**Dataset records**

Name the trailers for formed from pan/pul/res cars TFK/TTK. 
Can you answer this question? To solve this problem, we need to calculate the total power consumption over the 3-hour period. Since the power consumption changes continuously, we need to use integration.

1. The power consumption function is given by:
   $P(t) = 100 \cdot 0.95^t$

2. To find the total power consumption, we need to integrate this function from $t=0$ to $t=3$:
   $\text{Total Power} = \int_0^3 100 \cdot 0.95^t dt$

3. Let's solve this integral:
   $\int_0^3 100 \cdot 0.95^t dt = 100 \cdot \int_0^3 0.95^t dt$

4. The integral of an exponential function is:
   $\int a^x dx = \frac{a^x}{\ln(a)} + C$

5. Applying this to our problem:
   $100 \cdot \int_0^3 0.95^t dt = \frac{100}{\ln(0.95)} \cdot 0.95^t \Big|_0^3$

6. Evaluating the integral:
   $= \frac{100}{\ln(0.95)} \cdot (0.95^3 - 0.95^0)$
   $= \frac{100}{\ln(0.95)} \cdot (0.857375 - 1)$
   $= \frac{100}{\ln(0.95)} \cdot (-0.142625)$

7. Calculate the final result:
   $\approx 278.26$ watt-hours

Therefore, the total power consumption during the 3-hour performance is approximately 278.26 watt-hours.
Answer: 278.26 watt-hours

**Exercise aim**
Please write out, exactly as they appear, the line that contains "Therefore, the total" and every line after it up to the end of the entries above, and no others.

**Written answer**
Therefore, the total power consumption during the 3-hour performance is approximately 278.26 watt-hours.
Answer: 278.26 watt-hours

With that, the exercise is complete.